══ Given data ══

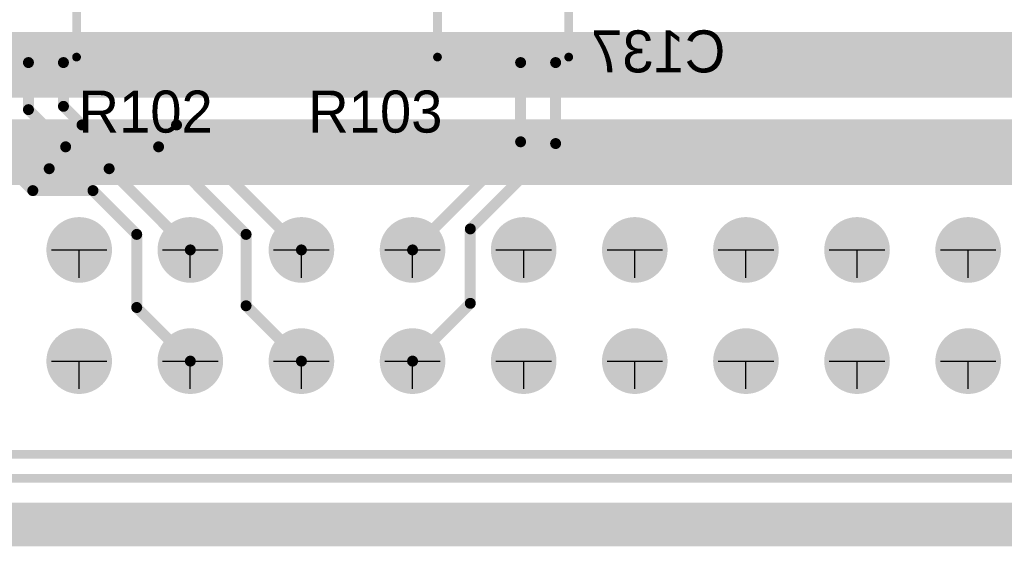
# Model space of a CAD drawing. Extents: x 74 to 326, y 70 to 232.
# Tile 15 of 138: x 172 to 195, y 70 to 82. Entities that reach past the tile are written whole.
import ezdxf

# ---------------------------------------------------------------- set-up
doc = ezdxf.new("R2010")
doc.units = 0
for name, color, linetype in [('Board', 3, 'CONTINUOUS'), ('Bot_Silk', 7, 'CONTINUOUS'), ('Bottom', 2, 'CONTINUOUS'), ('Drill_Layer', 255, 'CONTINUOUS'), ('Gnd', 12, 'CONTINUOUS'), ('Pwr', 13, 'CONTINUOUS'), ('Top', 1, 'CONTINUOUS'), ('Top_Silk', 6, 'CONTINUOUS')]:
    doc.layers.add(name, color=color, linetype=linetype)

# ---------------------------------------------------------------- blocks, each defined once
blk = doc.blocks.new('T')
at = {"layer": 'Drill_Layer', "linetype": 'CONTINUOUS'}
for p, q in [((-12.7, 0), (12.7, 0)), ((0, -12.7), (0, 0))]:
    blk.add_line(p, q, dxfattribs=at)
blk = doc.blocks.new('UNIT_DISC')
at = {"linetype": 'CONTINUOUS', "const_width": 0.5}
blk.add_lwpolyline([(0.25, 0, 1), (-0.25, 0, 1)], format="xyb", close=True, dxfattribs=at)
blk = doc.blocks.new('0603_12137')
at = {"layer": 'Bot_Silk', "linetype": 'CONTINUOUS', "const_width": 0.2}
for points in [[(186.55, 82.8), (186.55, 82.2)], [(187.95, 82.8), (186.55, 82.8)], [(187.95, 82.2), (187.95, 82.8)], [(186.55, 82.2), (187.95, 82.2)]]:
    blk.add_lwpolyline(points, dxfattribs=at)
at = {"layer": 'Bot_Silk', "xscale": 0.2, "yscale": 0.2, "zscale": 0.2}
for p in [(186.55, 82.8), (186.55, 82.8), (187.95, 82.8), (187.95, 82.8), (186.55, 82.2), (186.55, 82.2), (187.95, 82.2), (187.95, 82.2)]:
    blk.add_blockref('UNIT_DISC', p, dxfattribs=at)
blk = doc.blocks.new('SHAPE_SQ_314_393_0_0_0_0')
blk.add_solid([(-0.4, -0.5), (0.4, -0.5), (-0.4, 0.5), (0.4, 0.5)])
blk = doc.blocks.new('SHAPE_EL_196_196_0_0_0_0')
at = {"xscale": 0.5, "yscale": 0.5, "zscale": 0.5}
blk.add_blockref('UNIT_DISC', (0, 0), dxfattribs=at)
blk = doc.blocks.new('w800h1000350_F')
at = {"layer": 'Bottom'}
blk.add_blockref('SHAPE_SQ_314_393_0_0_0_0', (0, 0), dxfattribs=at)
at = {"layer": 'Gnd'}
blk.add_blockref('SHAPE_EL_196_196_0_0_0_0', (0, 0), dxfattribs=at)
at = {"layer": 'Pwr'}
blk.add_blockref('SHAPE_EL_196_196_0_0_0_0', (0, 0), dxfattribs=at)
blk = doc.blocks.new('w800h100049_F')
at = {"layer": 'Bottom'}
blk.add_blockref('SHAPE_SQ_314_393_0_0_0_0', (0, 0), dxfattribs=at)
at = {"layer": 'Gnd'}
blk.add_blockref('SHAPE_EL_196_196_0_0_0_0', (0, 0), dxfattribs=at)
at = {"layer": 'Pwr'}
blk.add_blockref('SHAPE_EL_196_196_0_0_0_0', (0, 0), dxfattribs=at)
blk = doc.blocks.new('C137')
for name, p in [('w800h100049_F', (186.45, 82.5)), ('0603_12137', (0, 0)), ('w800h1000350_F', (188.05, 82.5))]:
    blk.add_blockref(name, p)
at = {"layer": 'Bot_Silk', "text_generation_flag": 2}
blk.add_text('C137', height=0.96, dxfattribs=at).set_placement((188.58125, 80.325))
blk = doc.blocks.new('YC164_11455')
at = {"layer": 'Top_Silk', "linetype": 'CONTINUOUS', "const_width": 0.2}
for points in [[(170.75, 82.075), (170.75, 80.675)], [(173.75, 82.075), (170.75, 82.075)], [(173.75, 82.075), (173.75, 80.675)], [(173.75, 80.675), (170.75, 80.675)]]:
    blk.add_lwpolyline(points, dxfattribs=at)
at = {"layer": 'Top_Silk', "xscale": 0.2, "yscale": 0.2, "zscale": 0.2}
for p in [(170.75, 82.075), (170.75, 82.075), (173.75, 82.075), (173.75, 82.075), (170.75, 80.675), (170.75, 80.675), (173.75, 80.675), (173.75, 80.675)]:
    blk.add_blockref('UNIT_DISC', p, dxfattribs=at)
blk = doc.blocks.new('SHAPE_SQ_157_334_0_0_0_0')
blk.add_solid([(-0.2, -0.425), (0.2, -0.425), (-0.2, 0.425), (0.2, 0.425)])
blk = doc.blocks.new('w400h85016')
at = {"layer": 'Gnd'}
blk.add_blockref('SHAPE_EL_196_196_0_0_0_0', (0, 0), dxfattribs=at)
at = {"layer": 'Pwr'}
blk.add_blockref('SHAPE_EL_196_196_0_0_0_0', (0, 0), dxfattribs=at)
at = {"layer": 'Top'}
blk.add_blockref('SHAPE_SQ_157_334_0_0_0_0', (0, 0), dxfattribs=at)
blk = doc.blocks.new('w400h85012')
at = {"layer": 'Gnd'}
blk.add_blockref('SHAPE_EL_196_196_0_0_0_0', (0, 0), dxfattribs=at)
at = {"layer": 'Pwr'}
blk.add_blockref('SHAPE_EL_196_196_0_0_0_0', (0, 0), dxfattribs=at)
at = {"layer": 'Top'}
blk.add_blockref('SHAPE_SQ_157_334_0_0_0_0', (0, 0), dxfattribs=at)
blk = doc.blocks.new('w400h850160')
at = {"layer": 'Gnd'}
blk.add_blockref('SHAPE_EL_196_196_0_0_0_0', (0, 0), dxfattribs=at)
at = {"layer": 'Pwr'}
blk.add_blockref('SHAPE_EL_196_196_0_0_0_0', (0, 0), dxfattribs=at)
at = {"layer": 'Top'}
blk.add_blockref('SHAPE_SQ_157_334_0_0_0_0', (0, 0), dxfattribs=at)
blk = doc.blocks.new('w400h850159')
at = {"layer": 'Gnd'}
blk.add_blockref('SHAPE_EL_196_196_0_0_0_0', (0, 0), dxfattribs=at)
at = {"layer": 'Pwr'}
blk.add_blockref('SHAPE_EL_196_196_0_0_0_0', (0, 0), dxfattribs=at)
at = {"layer": 'Top'}
blk.add_blockref('SHAPE_SQ_157_334_0_0_0_0', (0, 0), dxfattribs=at)
blk = doc.blocks.new('w400h850100')
at = {"layer": 'Gnd'}
blk.add_blockref('SHAPE_EL_196_196_0_0_0_0', (0, 0), dxfattribs=at)
at = {"layer": 'Pwr'}
blk.add_blockref('SHAPE_EL_196_196_0_0_0_0', (0, 0), dxfattribs=at)
at = {"layer": 'Top'}
blk.add_blockref('SHAPE_SQ_157_334_0_0_0_0', (0, 0), dxfattribs=at)
blk = doc.blocks.new('w400h850137')
at = {"layer": 'Gnd'}
blk.add_blockref('SHAPE_EL_196_196_0_0_0_0', (0, 0), dxfattribs=at)
at = {"layer": 'Pwr'}
blk.add_blockref('SHAPE_EL_196_196_0_0_0_0', (0, 0), dxfattribs=at)
at = {"layer": 'Top'}
blk.add_blockref('SHAPE_SQ_157_334_0_0_0_0', (0, 0), dxfattribs=at)
blk = doc.blocks.new('w400h850158')
at = {"layer": 'Gnd'}
blk.add_blockref('SHAPE_EL_196_196_0_0_0_0', (0, 0), dxfattribs=at)
at = {"layer": 'Pwr'}
blk.add_blockref('SHAPE_EL_196_196_0_0_0_0', (0, 0), dxfattribs=at)
at = {"layer": 'Top'}
blk.add_blockref('SHAPE_SQ_157_334_0_0_0_0', (0, 0), dxfattribs=at)
blk = doc.blocks.new('w400h850161')
at = {"layer": 'Gnd'}
blk.add_blockref('SHAPE_EL_196_196_0_0_0_0', (0, 0), dxfattribs=at)
at = {"layer": 'Pwr'}
blk.add_blockref('SHAPE_EL_196_196_0_0_0_0', (0, 0), dxfattribs=at)
at = {"layer": 'Top'}
blk.add_blockref('SHAPE_SQ_157_334_0_0_0_0', (0, 0), dxfattribs=at)
blk = doc.blocks.new('R102')
for name, p in [('w400h850159', (171.05, 82.2)), ('w400h850160', (171.85, 82.2)), ('w400h850158', (172.65, 82.2)), ('w400h850161', (173.45, 82.2)), ('YC164_11455', (0, 0)), ('w400h85012', (171.05, 80.55)), ('w400h85016', (171.85, 80.55)), ('w400h850100', (172.65, 80.55)), ('w400h850137', (173.45, 80.55))]:
    blk.add_blockref(name, p)
at = {"layer": 'Top_Silk'}
blk.add_text('R102', height=0.96, dxfattribs=at).set_placement((173.79375, 78.95))
blk = doc.blocks.new('YC164_18515')
at = {"layer": 'Top_Silk', "linetype": 'CONTINUOUS', "const_width": 0.2}
for points in [[(182, 80.675), (182, 82.075)], [(182, 82.075), (185, 82.075)], [(185, 80.675), (185, 82.075)], [(182, 80.675), (185, 80.675)]]:
    blk.add_lwpolyline(points, dxfattribs=at)
at = {"layer": 'Top_Silk', "xscale": 0.2, "yscale": 0.2, "zscale": 0.2}
for p in [(182, 82.075), (182, 82.075), (185, 82.075), (185, 82.075), (182, 80.675), (182, 80.675), (185, 80.675), (185, 80.675)]:
    blk.add_blockref('UNIT_DISC', p, dxfattribs=at)
blk = doc.blocks.new('w400h850661')
at = {"layer": 'Gnd'}
blk.add_blockref('SHAPE_EL_196_196_0_0_0_0', (0, 0), dxfattribs=at)
at = {"layer": 'Pwr'}
blk.add_blockref('SHAPE_EL_196_196_0_0_0_0', (0, 0), dxfattribs=at)
at = {"layer": 'Top'}
blk.add_blockref('SHAPE_SQ_157_334_0_0_0_0', (0, 0), dxfattribs=at)
blk = doc.blocks.new('w400h850662')
at = {"layer": 'Gnd'}
blk.add_blockref('SHAPE_EL_196_196_0_0_0_0', (0, 0), dxfattribs=at)
at = {"layer": 'Pwr'}
blk.add_blockref('SHAPE_EL_196_196_0_0_0_0', (0, 0), dxfattribs=at)
at = {"layer": 'Top'}
blk.add_blockref('SHAPE_SQ_157_334_0_0_0_0', (0, 0), dxfattribs=at)
blk = doc.blocks.new('w400h850585')
at = {"layer": 'Gnd'}
blk.add_blockref('SHAPE_EL_196_196_0_0_0_0', (0, 0), dxfattribs=at)
at = {"layer": 'Pwr'}
blk.add_blockref('SHAPE_EL_196_196_0_0_0_0', (0, 0), dxfattribs=at)
at = {"layer": 'Top'}
blk.add_blockref('SHAPE_SQ_157_334_0_0_0_0', (0, 0), dxfattribs=at)
blk = doc.blocks.new('w400h850584')
at = {"layer": 'Gnd'}
blk.add_blockref('SHAPE_EL_196_196_0_0_0_0', (0, 0), dxfattribs=at)
at = {"layer": 'Pwr'}
blk.add_blockref('SHAPE_EL_196_196_0_0_0_0', (0, 0), dxfattribs=at)
at = {"layer": 'Top'}
blk.add_blockref('SHAPE_SQ_157_334_0_0_0_0', (0, 0), dxfattribs=at)
blk = doc.blocks.new('w400h850')
at = {"layer": 'Gnd'}
blk.add_blockref('SHAPE_EL_196_196_0_0_0_0', (0, 0), dxfattribs=at)
at = {"layer": 'Pwr'}
blk.add_blockref('SHAPE_EL_196_196_0_0_0_0', (0, 0), dxfattribs=at)
at = {"layer": 'Top'}
blk.add_blockref('SHAPE_SQ_157_334_0_0_0_0', (0, 0), dxfattribs=at)
blk = doc.blocks.new('R103')
at = {"rotation": 180}
for name, p in [('w400h850', (182.3, 82.2)), ('w400h850', (183.1, 82.2)), ('w400h850661', (183.9, 82.2)), ('w400h850662', (184.7, 82.2)), ('w400h850', (182.3, 80.55)), ('w400h850', (183.1, 80.55)), ('w400h850585', (183.9, 80.55)), ('w400h850584', (184.7, 80.55))]:
    blk.add_blockref(name, p, dxfattribs=at)
blk.add_blockref('YC164_18515', (0, 0))
at = {"layer": 'Top_Silk'}
blk.add_text('R103', height=0.96, dxfattribs=at).set_placement((179.04375, 78.95))
blk = doc.blocks.new('SCM_40_24910')
at = {"layer": 'Top_Silk', "linetype": 'CONTINUOUS', "const_width": 0.2}
for points in [[(205, 78.95), (135, 78.95)], [(142, 78.4), (198, 78.4)], [(198, 71.6), (172.15, 71.6)], [(205, 71.05), (135, 71.05)]]:
    blk.add_lwpolyline(points, dxfattribs=at)
blk = doc.blocks.new('SHAPE_EL_590_590_0_0_0_0')
at = {"xscale": 1.5, "yscale": 1.5, "zscale": 1.5}
blk.add_blockref('UNIT_DISC', (0, 0), dxfattribs=at)
blk = doc.blocks.new('c1500h1000')
at = {"layer": 'Bottom'}
blk.add_blockref('SHAPE_EL_590_590_0_0_0_0', (0, 0), dxfattribs=at)
at = {"layer": 'Gnd'}
blk.add_blockref('SHAPE_EL_590_590_0_0_0_0', (0, 0), dxfattribs=at)
at = {"layer": 'Pwr'}
blk.add_blockref('SHAPE_EL_590_590_0_0_0_0', (0, 0), dxfattribs=at)
at = {"layer": 'Top'}
blk.add_blockref('SHAPE_EL_590_590_0_0_0_0', (0, 0), dxfattribs=at)
blk = doc.blocks.new('c1500h100012')
at = {"layer": 'Bottom'}
blk.add_blockref('SHAPE_EL_590_590_0_0_0_0', (0, 0), dxfattribs=at)
at = {"layer": 'Gnd'}
blk.add_blockref('SHAPE_EL_590_590_0_0_0_0', (0, 0), dxfattribs=at)
at = {"layer": 'Pwr'}
blk.add_blockref('SHAPE_EL_590_590_0_0_0_0', (0, 0), dxfattribs=at)
at = {"layer": 'Top'}
blk.add_blockref('SHAPE_EL_590_590_0_0_0_0', (0, 0), dxfattribs=at)
blk = doc.blocks.new('c1500h100016')
at = {"layer": 'Bottom'}
blk.add_blockref('SHAPE_EL_590_590_0_0_0_0', (0, 0), dxfattribs=at)
at = {"layer": 'Gnd'}
blk.add_blockref('SHAPE_EL_590_590_0_0_0_0', (0, 0), dxfattribs=at)
at = {"layer": 'Pwr'}
blk.add_blockref('SHAPE_EL_590_590_0_0_0_0', (0, 0), dxfattribs=at)
at = {"layer": 'Top'}
blk.add_blockref('SHAPE_EL_590_590_0_0_0_0', (0, 0), dxfattribs=at)
blk = doc.blocks.new('c1500h1000100')
at = {"layer": 'Bottom'}
blk.add_blockref('SHAPE_EL_590_590_0_0_0_0', (0, 0), dxfattribs=at)
at = {"layer": 'Gnd'}
blk.add_blockref('SHAPE_EL_590_590_0_0_0_0', (0, 0), dxfattribs=at)
at = {"layer": 'Pwr'}
blk.add_blockref('SHAPE_EL_590_590_0_0_0_0', (0, 0), dxfattribs=at)
at = {"layer": 'Top'}
blk.add_blockref('SHAPE_EL_590_590_0_0_0_0', (0, 0), dxfattribs=at)
blk = doc.blocks.new('c1500h1000584')
at = {"layer": 'Bottom'}
blk.add_blockref('SHAPE_EL_590_590_0_0_0_0', (0, 0), dxfattribs=at)
at = {"layer": 'Gnd'}
blk.add_blockref('SHAPE_EL_590_590_0_0_0_0', (0, 0), dxfattribs=at)
at = {"layer": 'Pwr'}
blk.add_blockref('SHAPE_EL_590_590_0_0_0_0', (0, 0), dxfattribs=at)
at = {"layer": 'Top'}
blk.add_blockref('SHAPE_EL_590_590_0_0_0_0', (0, 0), dxfattribs=at)
blk = doc.blocks.new('c1500h1000137')
at = {"layer": 'Bottom'}
blk.add_blockref('SHAPE_EL_590_590_0_0_0_0', (0, 0), dxfattribs=at)
at = {"layer": 'Gnd'}
blk.add_blockref('SHAPE_EL_590_590_0_0_0_0', (0, 0), dxfattribs=at)
at = {"layer": 'Pwr'}
blk.add_blockref('SHAPE_EL_590_590_0_0_0_0', (0, 0), dxfattribs=at)
at = {"layer": 'Top'}
blk.add_blockref('SHAPE_EL_590_590_0_0_0_0', (0, 0), dxfattribs=at)
blk = doc.blocks.new('c1500h1000585')
at = {"layer": 'Bottom'}
blk.add_blockref('SHAPE_EL_590_590_0_0_0_0', (0, 0), dxfattribs=at)
at = {"layer": 'Gnd'}
blk.add_blockref('SHAPE_EL_590_590_0_0_0_0', (0, 0), dxfattribs=at)
at = {"layer": 'Pwr'}
blk.add_blockref('SHAPE_EL_590_590_0_0_0_0', (0, 0), dxfattribs=at)
at = {"layer": 'Top'}
blk.add_blockref('SHAPE_EL_590_590_0_0_0_0', (0, 0), dxfattribs=at)
blk = doc.blocks.new('X11')
for name, p in [('SCM_40_24910', (0, 0)), ('c1500h1000', (173.81, 76.27)), ('c1500h100016', (176.35, 76.27)), ('c1500h1000137', (178.89, 76.27)), ('c1500h1000585', (181.43, 76.27)), ('c1500h1000', (183.97, 76.27)), ('c1500h1000', (186.51, 76.27)), ('c1500h1000', (189.05, 76.27)), ('c1500h1000', (191.59, 76.27)), ('c1500h1000', (194.13, 76.27)), ('c1500h1000', (173.81, 73.73)), ('c1500h100012', (176.35, 73.73)), ('c1500h1000100', (178.89, 73.73)), ('c1500h1000584', (181.43, 73.73)), ('c1500h1000', (183.97, 73.73)), ('c1500h1000', (186.51, 73.73)), ('c1500h1000', (189.05, 73.73)), ('c1500h1000', (191.59, 73.73)), ('c1500h1000', (194.13, 73.73))]:
    blk.add_blockref(name, p)

msp = doc.modelspace()

# ---------------------------------------------------------------- linework, layer by layer
at = {"layer": 'Board', "linetype": 'CONTINUOUS', "const_width": 0.2}
msp.add_lwpolyline([(75, 70), (325, 70)], dxfattribs=at)
at = {"layer": 'Bottom', "linetype": 'CONTINUOUS', "const_width": 1.5}
for points in [[(204.25, 80.5), (146.25, 80.5)], [(145.25, 78.5), (203.25, 78.5)]]:
    msp.add_lwpolyline(points, dxfattribs=at)
at = {"layer": 'Gnd', "linetype": 'CONTINUOUS'}
for points, const_width in [([(75, 70), (325, 70)], 1), ([(89.75, 70), (325, 70)], 0.5)]:
    msp.add_lwpolyline(points, dxfattribs=dict(at, const_width=const_width))
at = {"layer": 'Pwr', "linetype": 'CONTINUOUS'}
for points, const_width in [([(137.75, 80), (197.5, 80)], 0.5), ([(197.5, 80), (137.75, 80)], 0.5), ([(75, 70), (325, 70)], 1), ([(75, 70), (325, 70)], 0.5)]:
    msp.add_lwpolyline(points, dxfattribs=dict(at, const_width=const_width))
at = {"layer": 'Top', "linetype": 'CONTINUOUS', "const_width": 0.25}
for points in [[(172.65, 79.475), (172.65, 80.55)], [(173.45, 79.55), (173.45, 80.55)], [(183.9, 80.55), (183.9, 78.74)], [(184.7, 78.7), (184.7, 80.55)], [(173.875, 79.125), (173.45, 79.55)], [(171.05, 79.325), (172.75, 77.625)], [(173.125, 78.125), (171.85, 79.4)], [(173.5, 78.625), (172.65, 79.475)], [(176.035, 79.125), (173.875, 79.125)], [(178.89, 76.27), (176.035, 79.125)], [(183.9, 78.74), (181.43, 76.27)], [(182.75, 76.75), (184.7, 78.7)], [(175.625, 78.625), (173.5, 78.625)], [(177.625, 76.625), (175.625, 78.625)], [(174.495, 78.125), (173.125, 78.125)], [(176.35, 76.27), (174.495, 78.125)], [(172.75, 77.625), (174.125, 77.625)], [(174.125, 77.625), (175.125, 76.625)], [(175.125, 76.625), (175.125, 74.955)], [(177.625, 74.995), (177.625, 76.625)], [(182.75, 75.05), (182.75, 76.75)], [(181.43, 73.73), (182.75, 75.05)], [(175.125, 74.955), (176.35, 73.73)], [(178.89, 73.73), (177.625, 74.995)]]:
    msp.add_lwpolyline(points, dxfattribs=at)

# ---------------------------------------------------------------- block references
for name in ['C137', 'R102', 'R103', 'X11']:
    msp.add_blockref(name, (0, 0))
at = {"layer": 'Drill_Layer', "xscale": 0.05, "yscale": 0.05, "zscale": 0.05}
for p in [(173.81, 76.27), (176.35, 76.27), (178.89, 76.27), (181.43, 76.27), (183.97, 76.27), (186.51, 76.27), (189.05, 76.27), (191.59, 76.27), (194.13, 76.27), (173.81, 73.73), (176.35, 73.73), (178.89, 73.73), (181.43, 73.73), (183.97, 73.73), (186.51, 73.73), (189.05, 73.73), (191.59, 73.73), (194.13, 73.73)]:
    msp.add_blockref('T', p, dxfattribs=at)
at = {"layer": 'Top', "xscale": 0.25, "yscale": 0.25, "zscale": 0.25}
for p in [(172.65, 80.55), (173.45, 80.55), (183.9, 80.55), (184.7, 80.55), (173.45, 79.55), (173.45, 79.55), (172.65, 79.475), (172.65, 79.475), (173.875, 79.125), (173.875, 79.125), (176.035, 79.125), (176.035, 79.125), (183.9, 78.74), (183.9, 78.74), (184.7, 78.7), (184.7, 78.7), (173.5, 78.625), (173.5, 78.625), (175.625, 78.625), (175.625, 78.625), (173.125, 78.125), (173.125, 78.125), (174.495, 78.125), (174.495, 78.125), (172.75, 77.625), (172.75, 77.625), (174.125, 77.625), (174.125, 77.625), (175.125, 76.625), (175.125, 76.625), (177.625, 76.625), (177.625, 76.625), (182.75, 76.75), (182.75, 76.75), (176.35, 76.27), (178.89, 76.27), (181.43, 76.27), (182.75, 75.05), (182.75, 75.05), (175.125, 74.955), (175.125, 74.955), (177.625, 74.995), (177.625, 74.995), (176.35, 73.73), (178.89, 73.73), (181.43, 73.73)]:
    msp.add_blockref('UNIT_DISC', p, dxfattribs=at)

doc.saveas('drawing.dxf')

═══

• Exercise: Only lines holding the word "zscale" belong in the answer; copy each one from the material.

• Worked solution:
at = {"layer": 'Bot_Silk', "xscale": 0.2, "yscale": 0.2, "zscale": 0.2}
at = {"xscale": 0.5, "yscale": 0.5, "zscale": 0.5}
at = {"layer": 'Top_Silk', "xscale": 0.2, "yscale": 0.2, "zscale": 0.2}
at = {"layer": 'Top_Silk', "xscale": 0.2, "yscale": 0.2, "zscale": 0.2}
at = {"xscale": 1.5, "yscale": 1.5, "zscale": 1.5}
at = {"layer": 'Drill_Layer', "xscale": 0.05, "yscale": 0.05, "zscale": 0.05}
at = {"layer": 'Top', "xscale": 0.25, "yscale": 0.25, "zscale": 0.25}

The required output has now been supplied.